Business sector wants more liberalization of 2010 Investment Priorities Plan
Stakeholders have asked the Board of Investments to further liberalize the listing of the 2010 Investment Priorities Plan (IPP) including the reduction of the $300 million investments hurdle for strategic industries to $150 million or $100 million, expansion of the list to include existing players like cement and retention of those intended already for delisting like the vertical mass housing.
These issues were raised at Monday’s public hearing for the proposed 2010 IPP, an annual list of priority economic activities that are entitled to government tax and fiscal incentives.
On the $300 million investments hurdle for investments under strategic industries, Elmer SanPascual, director of the Philippine Economic Zone Authority (PEZA) has proposed to halve the requirement to $150 million or $100 million to allow more compamies to qualify.
“A P15 billion investment requirement is limiting but if we can lower this to P10 billion or P5 billion we can have wider coverage and encourage more investment inflow opportunities,” said San Pascual.
There are also three conditions set under the strategic industries which the industry players want liberalized aside from the investments hurdle. These are employment generation of at least 1,000, use of new or internationally accepted high level of technology, and creation of value-added.
“We should liberalize rather than be more stringent,” an industry player said.

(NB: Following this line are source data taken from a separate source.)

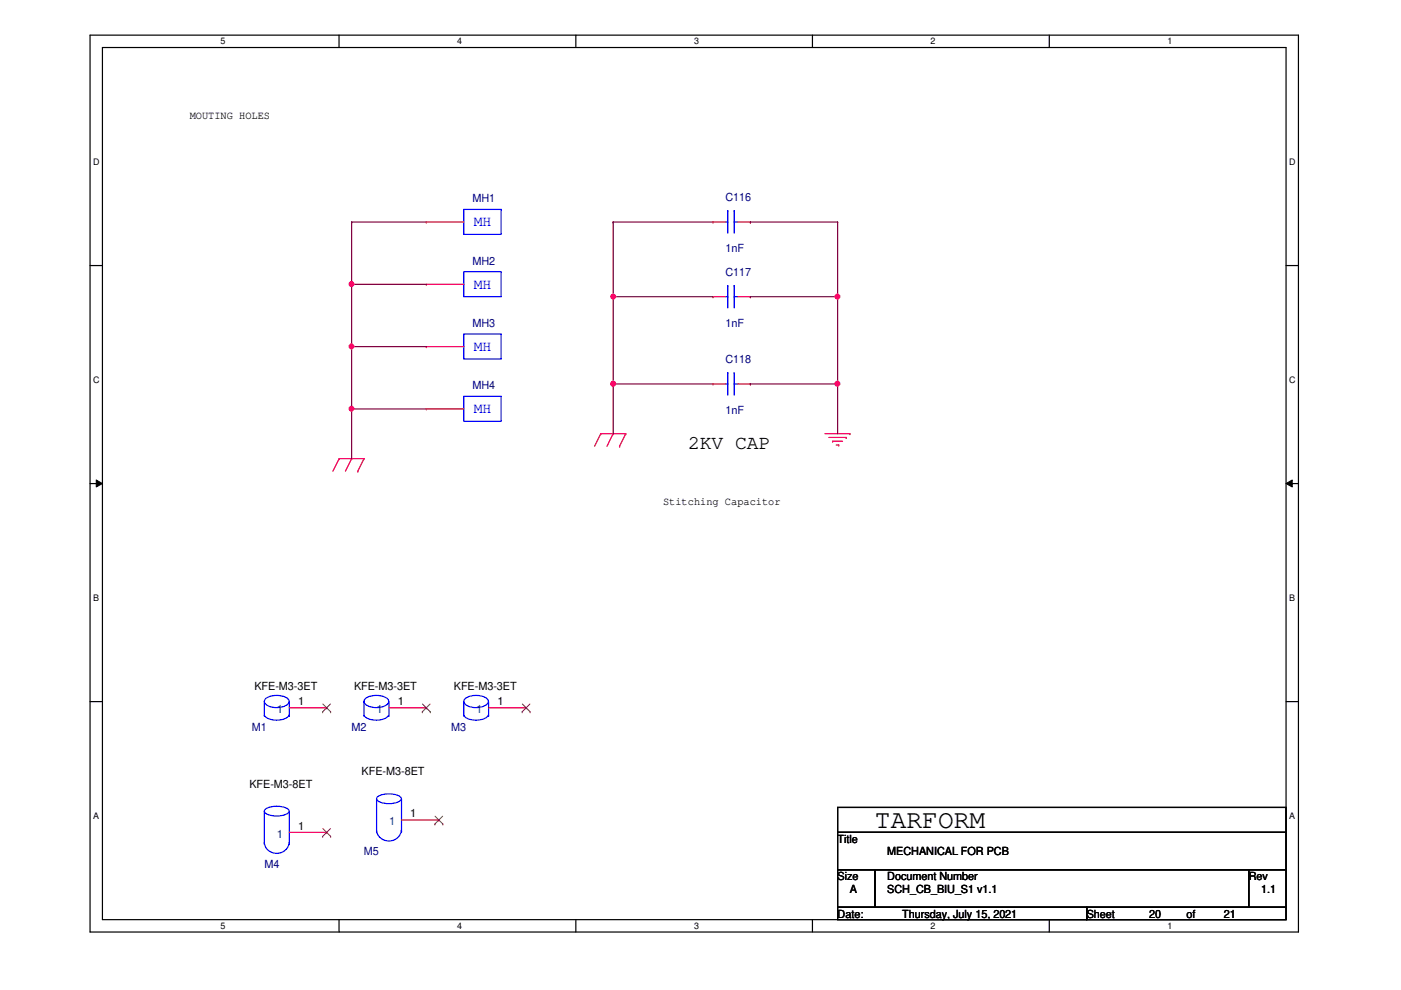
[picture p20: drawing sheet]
<svg xmlns="http://www.w3.org/2000/svg" width="297mm" height="210mm" viewBox="0 0 297 210" stroke-linecap="round" stroke-linejoin="round" font-family="sans-serif">
<defs><g id="words">
<text font-size="5.5" x="185.5" y="175.6">TARFORM</text>
<text font-size="4.2" x="145.9" y="95.3">2KV CAP</text>
<g font-size="3.1" fill="#00f">
<text x="100.5" y="48">MH</text>
<text x="100.5" y="61.2">MH</text>
<text x="100.5" y="74.4">MH</text>
<text x="100.5" y="87.6">MH</text>
</g>
<g font-size="2.4">
<text x="40.2" y="25.2">MOUTING HOLES</text>
<text x="140.6" y="107.1">Stitching Capacitor</text>
<text x="53.9" y="146.2">KFE-M3-3ET</text>
<text x="63.2" y="149.5">1</text>
<text x="75.1" y="146.2">KFE-M3-3ET</text>
<text x="84.3" y="149.5">1</text>
<text x="96.2" y="146.2">KFE-M3-3ET</text>
<text x="105.5" y="149.5">1</text>
<text x="52.9" y="167.1">KFE-M3-8ET</text>
<text x="76.7" y="164.4">KFE-M3-8ET</text>
<text x="87" y="173.3">1</text>
<text x="63.2" y="175.9">1</text>
<text x="177.6" y="178.7">Title</text>
<text x="188.1" y="181.4">MECHANICAL FOR PCB</text>
<text x="177.6" y="186.6">Size</text>
<text x="180.2" y="189.3">A</text>
<text x="188.1" y="186.6">Document Number</text>
<text x="188.1" y="189.3">SCH_CB_BIU_S1 v1.1</text>
<text x="264.8" y="186.6">Rev</text>
<text x="267.4" y="189.3">1.1</text>
<text x="177.6" y="194.6">Date:</text>
<text x="191.3" y="194.6">Thursday, July 15, 2021</text>
<text x="230.4" y="194.6">Sheet</text>
<text x="243.6" y="194.6">20</text>
<text x="251.5" y="194.6">of</text>
<text x="259.5" y="194.6">21</text>
</g>
<g font-size="2.4" fill="#000080">
<text x="100.2" y="42.9">MH1</text>
<text x="153.8" y="42.7">C116</text>
<text x="153.8" y="53.5">1nF</text>
<text x="100.2" y="56.1">MH2</text>
<text x="153.8" y="58.5">C117</text>
<text x="100.2" y="69.3">MH3</text>
<text x="153.8" y="69.3">1nF</text>
<text x="153.8" y="77">C118</text>
<text x="100.2" y="82.5">MH4</text>
<text x="153.8" y="87.8">1nF</text>
<text x="53.4" y="154.9">M1</text>
<text x="74.5" y="154.9">M2</text>
<text x="95.7" y="154.9">M3</text>
<text x="56" y="184">M4</text>
<text x="77.2" y="181.4">M5</text>
</g>
<g font-size="2.4" fill="#004080">
<text x="58.7" y="151.2">1</text>
<text x="79.8" y="151.2">1</text>
<text x="101" y="151.2">1</text>
<text x="58.7" y="177.6">1</text>
<text x="82.5" y="175">1</text>
</g>
<g font-size="1.9">
<text x="46.8" y="9.4">5</text>
<text x="96.9" y="9.4">4</text>
<text x="147.2" y="9.4">3</text>
<text x="197.3" y="9.4">2</text>
<text x="247.5" y="9.4">1</text>
<text x="19.8" y="34.9">D</text>
<text x="273.3" y="34.9">D</text>
<text x="19.8" y="81.1">C</text>
<text x="273.3" y="81.1">C</text>
<text x="19.8" y="127.3">B</text>
<text x="273.3" y="127.3">B</text>
<text x="19.8" y="173.6">A</text>
<text x="273.3" y="173.6">A</text>
<text x="46.8" y="196.9">5</text>
<text x="96.9" y="196.9">4</text>
<text x="147.2" y="196.9">3</text>
<text x="197.3" y="196.9">2</text>
<text x="247.5" y="196.9">1</text>
</g>
</g></defs>
<path d="M19.1 7.5h256.2v190.1h-256.2zM21.7 10.1h251v184.9h-251z" fill="none" stroke="#000" stroke-width=".25"/>
<g fill="#fff">
<path d="M46.8 7.7h1v2.1h-1z"/>
<path d="M46.8 195.2h1v2.2h-1z"/>
</g>
<path d="M71.9 7.5v2.6M71.9 195v2.6" fill="none" stroke="#000" stroke-width=".25"/>
<g fill="#fff">
<path d="M96.9 7.7h1.1v2.1h-1.1z"/>
<path d="M96.9 195.2h1.1v2.2h-1.1z"/>
</g>
<path d="M122.1 7.5v2.6M122.1 195v2.6" fill="none" stroke="#000" stroke-width=".25"/>
<g fill="#fff">
<path d="M147.2 7.7h1v2.1h-1z"/>
<path d="M147.2 195.2h1v2.2h-1z"/>
</g>
<path d="M172.3 7.5v2.6M172.3 195v2.6" fill="none" stroke="#000" stroke-width=".25"/>
<g fill="#fff">
<path d="M197.3 7.7h1v2.1h-1z"/>
<path d="M197.3 195.2h1v2.2h-1z"/>
</g>
<path d="M222.5 7.5v2.6M222.5 195v2.6" fill="none" stroke="#000" stroke-width=".25"/>
<g fill="#fff">
<path d="M247.5 7.7h1v2.1h-1z"/>
<path d="M247.5 195.2h1v2.2h-1z"/>
<path d="M19.8 33.2h1.3v2.1h-1.3z"/>
<path d="M273.3 33.2h1.4v2.1h-1.4z"/>
<path d="M19.8 79.4h1.3v2.1h-1.3z"/>
<path d="M273.3 79.4h1.4v2.1h-1.4z"/>
</g>
<path d="M19.1 56.3h2.6M272.7 56.3h2.6" fill="none" stroke="#000" stroke-width=".25"/>
<g fill="#fff">
<path d="M19.8 125.6h1.2v2.2h-1.2z"/>
<path d="M273.3 125.6h1.3v2.2h-1.3z"/>
</g>
<path d="M19.1 102.5h2.6M272.7 102.5h2.6" fill="none" stroke="#000" stroke-width=".25"/>
<path d="M20.4 101.8l1.3 .7-1.3 .8zM272.7 102.5l1.3-.7v1.5z" fill="#000"/>
<path d="M20.4 101.8l1.3 .7-1.3 .8zM272.7 102.5l1.3-.7v1.5z" fill="none" stroke="#000" stroke-width=".21"/>
<g fill="#fff">
<path d="M19.8 171.9h1.2v2.1h-1.2z"/>
<path d="M273.3 171.9h1.3v2.1h-1.3z"/>
</g>
<path d="M19.1 148.8h2.6M272.7 148.8h2.6M177.6 171.2h95.1v5.3h-95.1zM177.6 176.5h95.1v7.9h-95.1zM177.6 184.4h7.9v8h-7.9zM177.6 192.4h52.8v2.6h-52.8zM185.5 184.4h79.3v8h-79.3zM230.4 192.4h42.3v2.6h-42.3zM264.8 184.4h7.9v8h-7.9z" fill="none" stroke="#000" stroke-width=".25"/>
<g fill="none" stroke="#f00" stroke-width=".25">
<path d="M90.4 47.1h.1M90.4 47.1h7.9M151.2 47.1h.1M151.2 47.1h2.6M156.4 47.1h2.7M159.1 47.1h.1M90.4 60.3h.1M90.4 73.5h.1M90.4 60.3h7.9M90.4 73.5h7.9M151.2 62.9h.1M151.2 62.9h2.6"/>
<path d="M156.4 62.9h2.7M159.1 62.9h.1M71.9 97.2h.1M71.9 97.2l-1.3 2.7M71.9 97.2h5.3M74.5 97.2h.1M74.5 97.2l-1.3 2.7M75.9 99.9h.1M77.2 97.2h.1M77.2 97.2l-1.3 2.7M90.4 86.7h.1M90.4 86.7h7.9"/>
<path d="M127.4 91.9h.1M127.4 91.9h5.3M127.4 91.9l-1.3 2.7M130 91.9h.1M130 91.9l-1.3 2.7M131.4 94.6h.1M132.7 91.9h.1M132.7 91.9l-1.3 2.7M151.2 81.4h.1M151.2 81.4h2.6M156.4 81.4h2.7M159.1 81.4h.1"/>
<path d="M174.9 91.9h5.3M175.7 92.8h3.7M176.5 93.6h.1M176.5 93.6h2.1M177.3 94.4h.5M177.8 94.4h.1M179.4 92.8h.1M180.2 91.9h.1M61.3 150.1h8M69.3 150.1h.1M82.5 150.1h7.9M90.4 150.1h.1"/>
<path d="M103.6 150.1h7.9M111.5 150.1h.1M61.3 176.5h8M69.3 176.5h.1M85.1 173.9h7.9M93 173.9h.1"/>
</g>
<g fill="none" stroke="#00f" stroke-width=".25">
<path d="M98.3 57.6h8v5.3h-8zM98.3 44.4h8v5.3h-8zM153.8 47.1h.5M154.3 47.1h.1M154.3 44.7h.1M154.3 44.7v4.7M155.7 44.7h.1M155.7 47.1h.1M155.7 44.7v4.7M155.7 47.1h.7M98.3 70.8h8v5.3h-8zM153.8 62.9h.5"/>
<path d="M154.3 62.9h.1M154.3 60.5h.1M154.3 79h.1M154.3 60.5v4.8M154.3 79v4.8M155.7 60.5h.1M155.7 62.9h.1M155.7 79h.1M155.7 62.9h.7M155.7 60.5v4.8M155.7 79v4.8M98.3 84h8v5.3h-8z"/>
<path d="M153.8 81.4h.5M154.3 81.4h.1M155.7 81.4h.1M155.7 81.4h.7M56 151.7h.1M56 151.6a3.7 3.7 0 0 0 4.4 .8l.7-.5 .2-.3M56 148.8v2.9M56.4 148.1a4.2 4.2 0 0 1 4.8 .3 .95 .95 0 0 1-.7 1.2 3.9 3.9 0 0 1-4.4-.5l-.1-.4zM61.3 151.7h.1M61.3 148.8v2.9M77.2 151.7h.1M77.2 151.6a3.7 3.7 0 0 0 4.3 .8l.7-.5 .2-.3"/>
<path d="M77.2 148.8v2.9M77.5 148.1a4.2 4.2 0 0 1 4.8 .3 .95 .95 0 0 1-.6 1.2 3.9 3.9 0 0 1-4.4-.5l-.1-.4zM82.5 151.7h.1M82.5 148.8v2.9M98.3 151.7h.1M98.3 151.6a3.6 3.6 0 0 0 4.3 .8l.7-.5 .2-.3M98.3 148.8v2.9M98.7 148.1a4.1 4.1 0 0 1 4.8 .3 .95 .95 0 0 1-.7 1.2 3.9 3.9 0 0 1-4.4-.5l-.1-.4zM103.6 151.7h.1M103.6 148.8v2.9M56 178.9h.1M56 178.6a2.64 2.64 0 0 0 2.7 2.3 2.64 2.64 0 0 0 2.6-2.3"/>
<path d="M56 172v6.9M56.1 171.7a4.6 4.6 0 0 1 5.1 0l.1 .3a2.48 2.48 0 0 1-2.6 1 2.44 2.44 0 0 1-2.7-1zM61.3 178.9h.1M61.3 172v6.9M79.8 176.2h.1M79.8 176a2.64 2.64 0 0 0 2.7 2.3 2.64 2.64 0 0 0 2.6-2.3M79.8 169.4v6.8M79.9 169.1a4.6 4.6 0 0 1 5.1 0l.1 .2a2.48 2.48 0 0 1-2.6 1.1 2.44 2.44 0 0 1-2.7-1.1zM85.1 176.2h.1M85.1 169.4v6.8"/>
</g>
<g fill="none" stroke="#804000" stroke-width=".21">
<path d="M68.4 150.9h.1M68.5 149.3l1.6 1.6M70.1 149.3l-1.7 1.6M70.1 150.9h.1M89.5 150.9h.1M89.6 149.3l1.6 1.6M91.2 149.3l-1.7 1.6M91.2 150.9h.1M110.7 150.9h.1M110.7 149.3l1.7 1.6M112.4 149.3l-1.7 1.6M112.4 150.9h.1"/>
<path d="M68.4 177.3h.1M68.5 175.7l1.6 1.6M70.1 175.7l-1.7 1.6M70.1 177.3h.1M92.2 174.7h.1M92.2 173.1l1.7 1.6M93.9 173.1l-1.7 1.6M93.9 174.7h.1"/>
</g>
<path d="M74.5 47.1h.1M74.5 47.1h15.9M74.5 47.1v13.2M74.5 86.7h.1M74.5 86.7h15.9" fill="none" stroke="#800040" stroke-width=".25"/>
<circle cx="74.5" cy="86.7" r=".5" fill="#f0f"/>
<circle cx="74.5" cy="86.7" r=".5" fill="none" stroke="#f0f" stroke-width=".25"/>
<path d="M74.5 73.5h.1M74.5 73.5h15.9M74.5 86.7h.1M74.5 86.7v10.5" fill="none" stroke="#800040" stroke-width=".25"/>
<circle cx="74.5" cy="73.4" r=".5" fill="#f0f"/>
<circle cx="74.5" cy="73.4" r=".5" fill="none" stroke="#f0f" stroke-width=".25"/>
<path d="M74.5 73.5h.1M74.5 60.3h.1M74.5 73.5v13.2M74.5 60.3h15.9" fill="none" stroke="#800040" stroke-width=".25"/>
<circle cx="74.5" cy="60.2" r=".5" fill="#f0f"/>
<circle cx="74.5" cy="60.2" r=".5" fill="none" stroke="#f0f" stroke-width=".25"/>
<path d="M130 47.1h.1M130 47.1h21.2M130 47.1v15.8M159.1 47.1h.1M159.1 47.1h18.5M177.6 47.1h.1M177.6 47.1v15.8M74.5 60.3h.1M74.5 60.3v13.2" fill="none" stroke="#800040" stroke-width=".25"/>
<circle cx="177.6" cy="62.9" r=".5" fill="#f0f"/>
<circle cx="177.6" cy="62.9" r=".5" fill="none" stroke="#f0f" stroke-width=".25"/>
<path d="M159.1 62.9h.1M159.1 62.9h18.5M177.6 62.9h.1M177.6 62.9v18.5" fill="none" stroke="#800040" stroke-width=".25"/>
<circle cx="177.5" cy="81.4" r=".51" fill="#f0f"/>
<circle cx="177.5" cy="81.4" r=".51" fill="none" stroke="#f0f" stroke-width=".25"/>
<path d="M130 62.9h.1M130 62.9h21.2" fill="none" stroke="#800040" stroke-width=".25"/>
<circle cx="130" cy="62.9" r=".5" fill="#f0f"/>
<circle cx="130" cy="62.9" r=".5" fill="none" stroke="#f0f" stroke-width=".25"/>
<path d="M130 62.9h.1M130 62.9v18.5M130 81.4h.1M130 81.4h21.2M159.1 81.4h.1M159.1 81.4h18.5M177.6 81.4h.1M177.6 81.4v10.5" fill="none" stroke="#800040" stroke-width=".25"/>
<circle cx="130" cy="81.4" r=".51" fill="#f0f"/>
<circle cx="130" cy="81.4" r=".51" fill="none" stroke="#f0f" stroke-width=".25"/>
<path d="M130 81.4h.1M130 81.4v10.5" fill="none" stroke="#800040" stroke-width=".25"/>
<circle cx="74.5" cy="86.7" r=".5" fill="#f0f"/>
<circle cx="74.5" cy="86.7" r=".5" fill="none" stroke="#f0f" stroke-width=".25"/>
<circle cx="74.5" cy="73.4" r=".5" fill="#f0f"/>
<circle cx="74.5" cy="73.4" r=".5" fill="none" stroke="#f0f" stroke-width=".25"/>
<circle cx="74.5" cy="60.2" r=".5" fill="#f0f"/>
<circle cx="74.5" cy="60.2" r=".5" fill="none" stroke="#f0f" stroke-width=".25"/>
<circle cx="177.6" cy="62.9" r=".5" fill="#f0f"/>
<circle cx="177.6" cy="62.9" r=".5" fill="none" stroke="#f0f" stroke-width=".25"/>
<circle cx="177.5" cy="81.4" r=".51" fill="#f0f"/>
<circle cx="177.5" cy="81.4" r=".51" fill="none" stroke="#f0f" stroke-width=".25"/>
<circle cx="130" cy="62.9" r=".5" fill="#f0f"/>
<circle cx="130" cy="62.9" r=".5" fill="none" stroke="#f0f" stroke-width=".25"/>
<circle cx="130" cy="81.4" r=".51" fill="#f0f"/>
<circle cx="130" cy="81.4" r=".51" fill="none" stroke="#f0f" stroke-width=".25"/>
<use href="#words"/>
</svg>

BoI executive director Raul V. Angeles, however, explained that the intention is to restrict the listing under the “Strategic Industries” because those that cannot meet the conditions under this heading can register under the specific listing.
Projects under the “Strategic Industries” heading covers major projects of global companies intended to be located only in one country as a regional hub where the Philippines is one of the short-listed countries for investment location.
The granting of incentives under this heading would be discretionary in nature and will be approved upon determination by the Board and in consultation with the Department of Finance, National Economic and Development Authority and other appropriate government agencies.